In May 1998, the Department implemented the final phase of the Grants Administration and Payments System (GAPS), a key component of EDCAPS. GAPS supports grants management through the entire life-cycle of each grant by simplifying reporting, providing Internet access to the system, allowing modifications to payment requests prior to receipt of funds, and ensuring access to more timely and accurate financial information.
Also during 1998, the Department established policies and procedures that provided for the monthly reconciliation and reporting of financial data. This data was made available through EDCAPS for program and other managers to use in their day-to-day operations for decision-making and funds control.
The Department is committed to improving performance and accountability through performance-based contracting. We are now reviewing every contract for the maximum use of effective performance objectives, ensuring that each contract is stated in terms of results that support the Department's Strategic Plan. In 1996, the Department identified 66 contracts for conversion to performance-based service contracts. To date, the Department has converted 45 of those existing contracts. In addition, 16 new performance-based contracts were awarded. The average annual cost of these performance-based contracts combined is over $200 million.

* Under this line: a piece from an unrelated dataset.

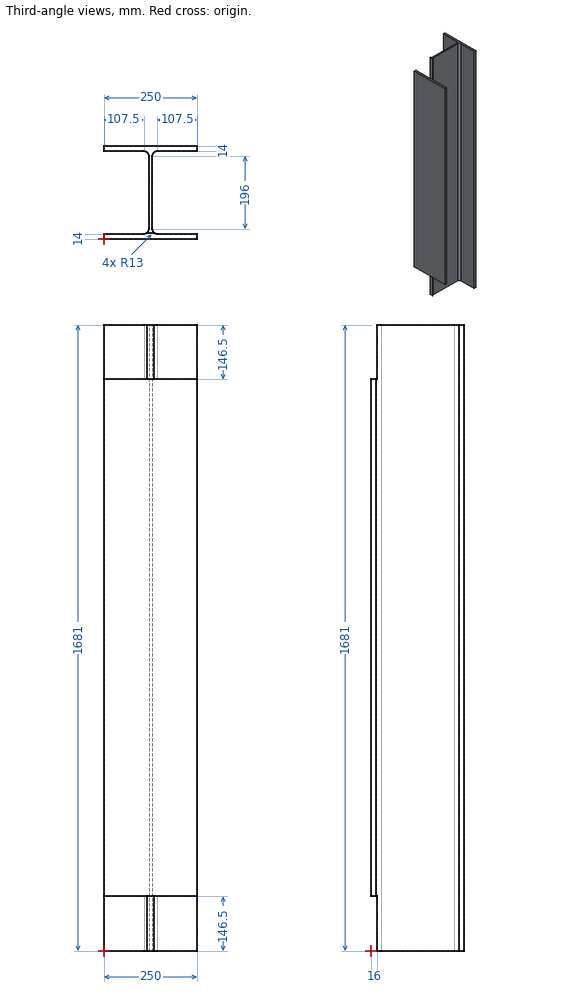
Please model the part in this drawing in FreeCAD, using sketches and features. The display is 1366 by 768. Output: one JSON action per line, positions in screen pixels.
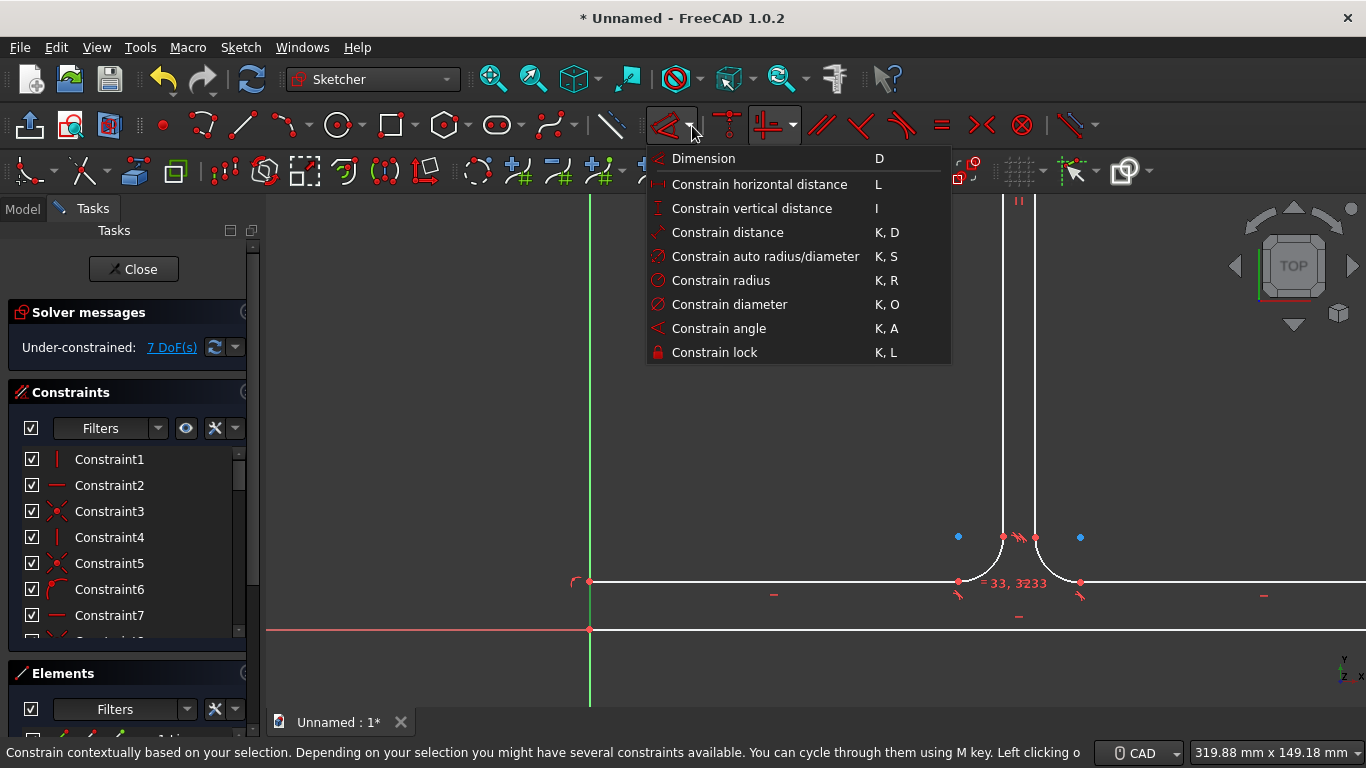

Our emphasis on accountability extends to all senior Department officials and staff. We are the ones, after all, who are charged with implementing our Strategic and Annual Performance Plans. This is why, as Acting Deputy Secretary, I have insisted on annual performance agreements linked to measurable objectives for all senior officers. This is also why we have implemented a new performance assessment system for all employees that uses 360-degree review to assess performance against standards and goals that are revised annually.
We are using technology to serve customers today in ways that were barely imaginable 10 years ago. Thousands of publications and research reports from the Department are now available on the desktop of anyone with access to the Internet, and we are adding new publications every week. Online forums allow thousands of teachers and others to share ideas on key education challenges.
A growing number of our programs are using technology to strengthen their work. For example, a web site maintained by the 21st Century Community Learning Centers program features examples of winning proposals from last year's competition. The Comprehensive School Reform Demonstration program provides grantees with regular email updates and also a searchable database of award recipients, so that schools adopting a particular reform model may contact each other.
These are glimpses of where we are going, what we are becoming. We are becoming a learning organization. We are using technology to create a constant and nearly instantaneous feedback loop that teaches us how to serve our customers better, faster, and more directly. As a result, our customers spend less time looking for information and more time using it to improve the performance of their schools and students.
With your help, we will continue this learning process and create a high-performance agency that successfully blends flexibility and accountability to meet the needs of all its customers.
I will be happy to take any questions you may have.